====== Materials provided ======
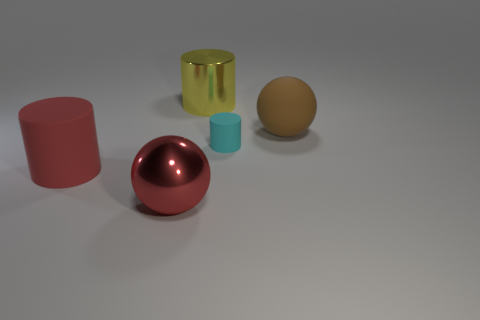Is the color of the large rubber cylinder the same as the big metal sphere?
Your answer should be very brief. Yes. How many large matte objects are the same color as the large rubber cylinder?
Make the answer very short. 0. What size is the matte cylinder that is to the right of the big cylinder that is to the left of the red shiny sphere?
Ensure brevity in your answer.  Small. What shape is the large red rubber thing?
Your answer should be compact. Cylinder. There is a big ball that is behind the large red matte thing; what material is it?
Provide a succinct answer. Rubber. What color is the big metallic thing behind the big red object that is in front of the cylinder in front of the small cyan cylinder?
Make the answer very short. Yellow. There is a shiny object that is the same size as the metal ball; what color is it?
Your answer should be compact. Yellow. How many matte objects are either big balls or cyan objects?
Keep it short and to the point. 2. There is a sphere that is made of the same material as the yellow cylinder; what is its color?
Provide a succinct answer. Red. What material is the large cylinder that is behind the big matte object right of the shiny sphere?
Ensure brevity in your answer.  Metal. 
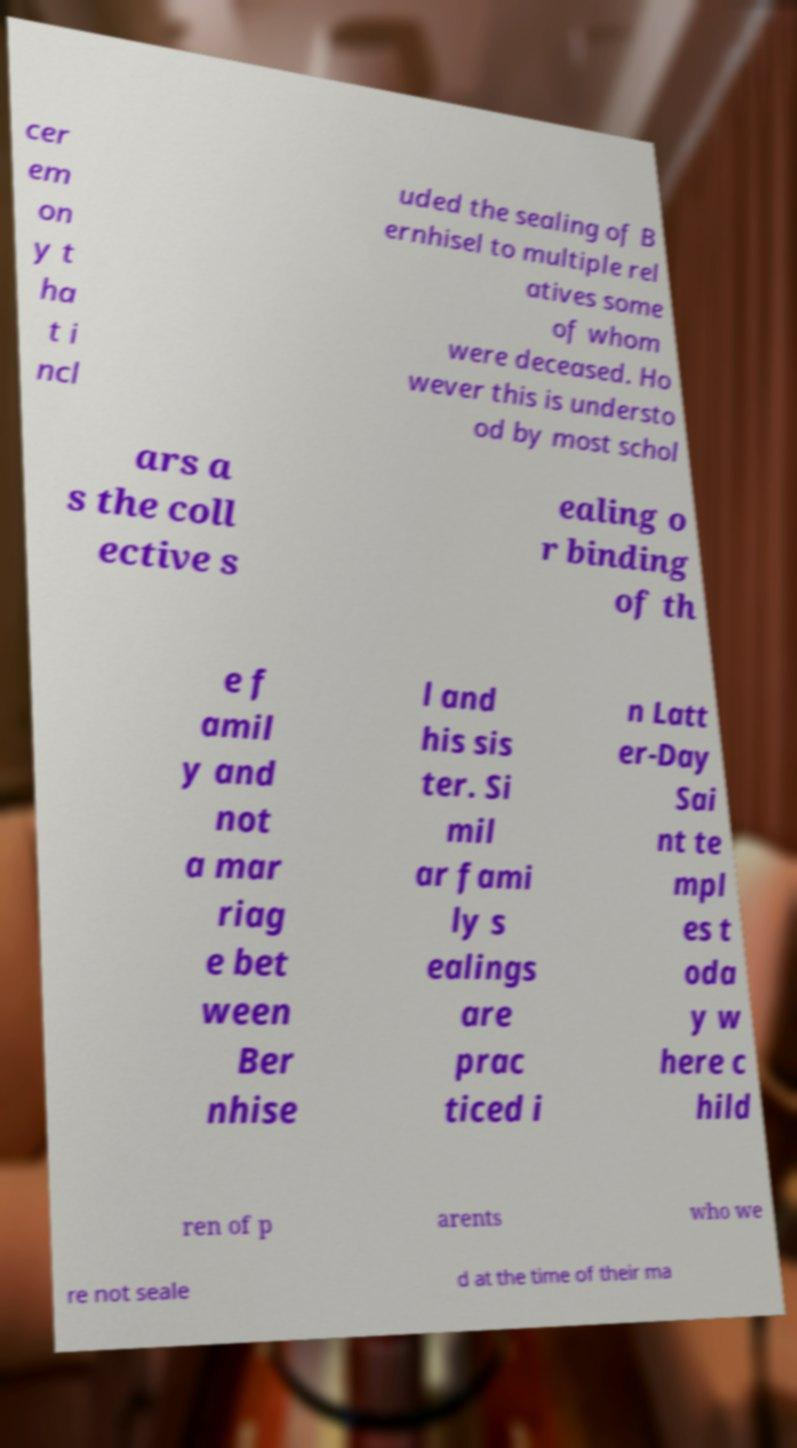What messages or text are displayed in this image? I need them in a readable, typed format. cer em on y t ha t i ncl uded the sealing of B ernhisel to multiple rel atives some of whom were deceased. Ho wever this is understo od by most schol ars a s the coll ective s ealing o r binding of th e f amil y and not a mar riag e bet ween Ber nhise l and his sis ter. Si mil ar fami ly s ealings are prac ticed i n Latt er-Day Sai nt te mpl es t oda y w here c hild ren of p arents who we re not seale d at the time of their ma
======
# Task to carry out
Return a copy of each line in the entries that contains "compact".

# Answer space
Your answer should be compact. Cylinder. There is a big ball that is behind the large red matte thing; what material is it?
Your answer should be compact. Yellow. How many matte objects are either big balls or cyan objects?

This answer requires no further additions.